# [Work instructions]
Everything in the data except the pictures belongs in your answer, copied exactly.

# [Provided entries]
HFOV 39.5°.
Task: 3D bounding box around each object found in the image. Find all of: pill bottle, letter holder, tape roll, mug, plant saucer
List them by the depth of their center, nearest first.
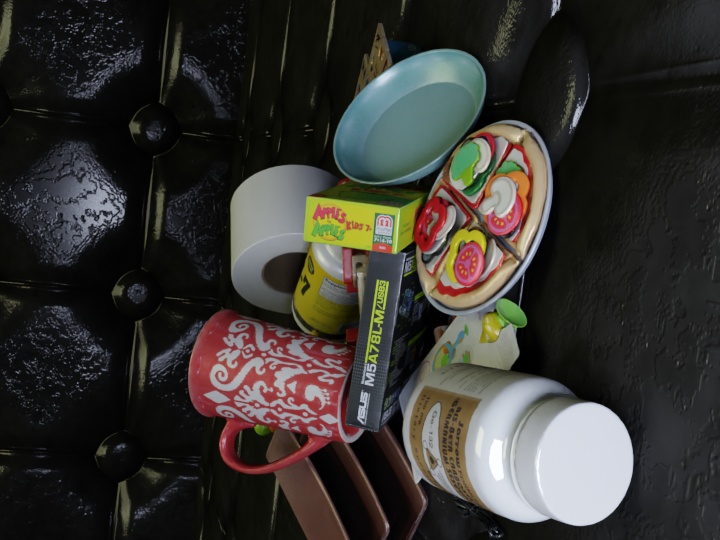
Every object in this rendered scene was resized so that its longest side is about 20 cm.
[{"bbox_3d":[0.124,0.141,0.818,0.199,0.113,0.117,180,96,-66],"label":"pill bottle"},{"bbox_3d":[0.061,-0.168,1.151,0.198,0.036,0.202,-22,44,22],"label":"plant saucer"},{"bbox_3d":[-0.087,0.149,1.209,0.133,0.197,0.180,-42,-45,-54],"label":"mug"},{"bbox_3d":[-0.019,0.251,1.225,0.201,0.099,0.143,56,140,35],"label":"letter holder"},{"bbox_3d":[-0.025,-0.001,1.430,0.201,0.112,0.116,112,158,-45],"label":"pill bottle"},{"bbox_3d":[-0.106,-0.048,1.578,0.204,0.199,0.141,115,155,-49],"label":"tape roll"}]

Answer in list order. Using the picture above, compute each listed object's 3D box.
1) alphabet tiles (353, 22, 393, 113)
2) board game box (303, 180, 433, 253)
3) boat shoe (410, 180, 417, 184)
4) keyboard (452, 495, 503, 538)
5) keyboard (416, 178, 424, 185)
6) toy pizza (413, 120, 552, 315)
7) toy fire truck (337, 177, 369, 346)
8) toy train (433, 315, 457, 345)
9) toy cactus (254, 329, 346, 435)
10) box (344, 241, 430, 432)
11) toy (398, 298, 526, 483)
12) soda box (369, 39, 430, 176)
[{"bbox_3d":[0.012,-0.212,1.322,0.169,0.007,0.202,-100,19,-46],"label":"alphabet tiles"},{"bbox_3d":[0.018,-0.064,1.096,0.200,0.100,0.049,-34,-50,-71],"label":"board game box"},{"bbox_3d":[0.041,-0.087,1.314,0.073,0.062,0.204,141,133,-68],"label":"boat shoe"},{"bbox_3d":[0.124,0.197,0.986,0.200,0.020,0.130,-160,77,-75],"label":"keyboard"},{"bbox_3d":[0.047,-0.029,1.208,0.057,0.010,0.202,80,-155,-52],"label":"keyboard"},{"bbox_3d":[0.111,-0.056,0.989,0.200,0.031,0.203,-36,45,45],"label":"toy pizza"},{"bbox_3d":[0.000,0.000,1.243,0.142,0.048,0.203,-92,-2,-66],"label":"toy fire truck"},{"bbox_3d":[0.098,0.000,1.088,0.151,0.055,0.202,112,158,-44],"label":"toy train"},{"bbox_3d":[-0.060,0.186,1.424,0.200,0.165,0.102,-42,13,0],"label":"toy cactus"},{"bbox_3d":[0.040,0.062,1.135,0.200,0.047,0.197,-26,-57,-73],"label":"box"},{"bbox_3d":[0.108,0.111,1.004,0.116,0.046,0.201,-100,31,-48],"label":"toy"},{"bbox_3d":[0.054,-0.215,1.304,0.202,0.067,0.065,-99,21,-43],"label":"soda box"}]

# [Solved problem]
HFOV 39.5°.
Task: 3D bounding box around each object found in the image. Find all of: pill bottle, letter holder, tape roll, mug, plant saucer
List them by the depth of their center, nearest first.
Every object in this rendered scene was resized so that its longest side is about 20 cm.
[{"bbox_3d":[0.124,0.141,0.818,0.199,0.113,0.117,180,96,-66],"label":"pill bottle"},{"bbox_3d":[0.061,-0.168,1.151,0.198,0.036,0.202,-22,44,22],"label":"plant saucer"},{"bbox_3d":[-0.087,0.149,1.209,0.133,0.197,0.180,-42,-45,-54],"label":"mug"},{"bbox_3d":[-0.019,0.251,1.225,0.201,0.099,0.143,56,140,35],"label":"letter holder"},{"bbox_3d":[-0.025,-0.001,1.430,0.201,0.112,0.116,112,158,-45],"label":"pill bottle"},{"bbox_3d":[-0.106,-0.048,1.578,0.204,0.199,0.141,115,155,-49],"label":"tape roll"}]

Answer in list order. Using the picture above, compute each listed object's 3D box.
1) alphabet tiles (353, 22, 393, 113)
2) board game box (303, 180, 433, 253)
3) boat shoe (410, 180, 417, 184)
4) keyboard (452, 495, 503, 538)
5) keyboard (416, 178, 424, 185)
6) toy pizza (413, 120, 552, 315)
7) toy fire truck (337, 177, 369, 346)
8) toy train (433, 315, 457, 345)
9) toy cactus (254, 329, 346, 435)
10) box (344, 241, 430, 432)
11) toy (398, 298, 526, 483)
12) soda box (369, 39, 430, 176)
[{"bbox_3d":[0.012,-0.212,1.322,0.169,0.007,0.202,-100,19,-46],"label":"alphabet tiles"},{"bbox_3d":[0.018,-0.064,1.096,0.200,0.100,0.049,-34,-50,-71],"label":"board game box"},{"bbox_3d":[0.041,-0.087,1.314,0.073,0.062,0.204,141,133,-68],"label":"boat shoe"},{"bbox_3d":[0.124,0.197,0.986,0.200,0.020,0.130,-160,77,-75],"label":"keyboard"},{"bbox_3d":[0.047,-0.029,1.208,0.057,0.010,0.202,80,-155,-52],"label":"keyboard"},{"bbox_3d":[0.111,-0.056,0.989,0.200,0.031,0.203,-36,45,45],"label":"toy pizza"},{"bbox_3d":[0.000,0.000,1.243,0.142,0.048,0.203,-92,-2,-66],"label":"toy fire truck"},{"bbox_3d":[0.098,0.000,1.088,0.151,0.055,0.202,112,158,-44],"label":"toy train"},{"bbox_3d":[-0.060,0.186,1.424,0.200,0.165,0.102,-42,13,0],"label":"toy cactus"},{"bbox_3d":[0.040,0.062,1.135,0.200,0.047,0.197,-26,-57,-73],"label":"box"},{"bbox_3d":[0.108,0.111,1.004,0.116,0.046,0.201,-100,31,-48],"label":"toy"},{"bbox_3d":[0.054,-0.215,1.304,0.202,0.067,0.065,-99,21,-43],"label":"soda box"}]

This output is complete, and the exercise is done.